In his translation of verses from the Song of Solomon, Song of Songs, Morley’s alliterative technique evokes his Hebrew source. ‘I am black, but comely, O ye daughters of Jerusalem, as the katòoni of Kedar, as the perdès of Solomon’. For anyone doubting the astonishing richness of Romani culture, history and language, the word perdès (curtain) points to its Hindu origin somewhere around 250 BC (look at the presentation of Purdah, the segregation of women, in Forster’s A Passage to India). There’s a playfulness here too: ‘gypsy’ in English points to the erroneous belief that they came here from Egypt (some gypsies refer to themselves as Pharaoh’s people) and the Song of Solomon dates from the period following the Jews’ bondage in Egypt.

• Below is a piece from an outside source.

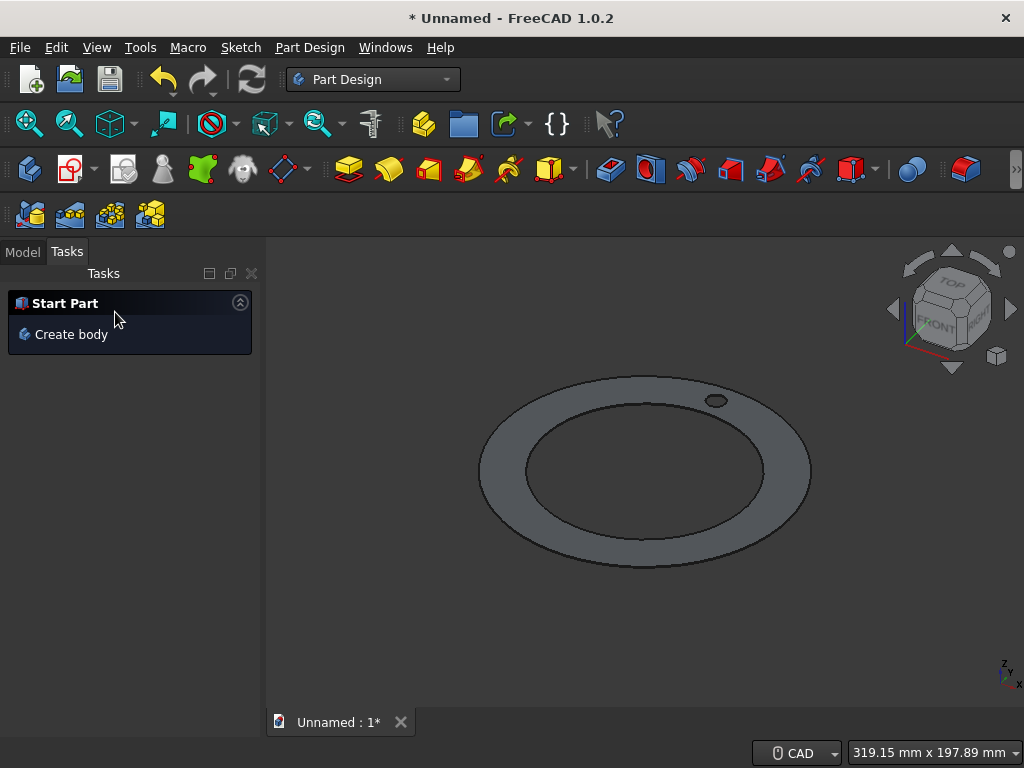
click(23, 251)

Morley could have focussed exclusively upon the criminally marginalised Romani but, in Ludus Coventriae, his decision to dramatise Coventry’s staging of the Mystery Plays and blitz on the 14th November, 1941, serves to illustrate that, throughout history, the lives of common men amount to very little. Morley, working with the financial records for the plays, adds ordinary life and breath: ‘• Item payd to the Mother of Death / • Item payd ffor a peyre of gloves ffor God / • Payd up also for the gybbyt of Jeiȝe / • Item payd to Mr Fawston for hangyng Judas / • Item paid to Mr Fawston for his Coc-crowyng’. In his biography of London, Peter Ackroyd wonders whether places, roads, streets have a persistent character throughout history and, on the night of the blitz, two invisible radio beams transmitted from mainland Europe formed a cross in the sky above the city. Morley writes that ‘Out of desert, from the hard stone / three air raid wardens run, three kings / late up with pick, spade, lantern, / tracing the star of each explosion and making there’.
I bought The Invisible Kings on its publication in 2007 and, at the time, I was just interested to read a few words of Romani. However, the flavour of the past five years makes this collection feel far more important. At worst, the mess surrounding the Dale Farm eviction characterises gypsies as trouble: a focus for a militant insurgency of professional demonstrators. At best, the Gypsy Wedding phenomenon presents them as women hating, bare-knuckled thugs, redeemed only by the televisual qualities of their kitsch bridal fashions. The Invisible Kings is an essential antidote to television’s cruel parody of a culture with a language older than our own.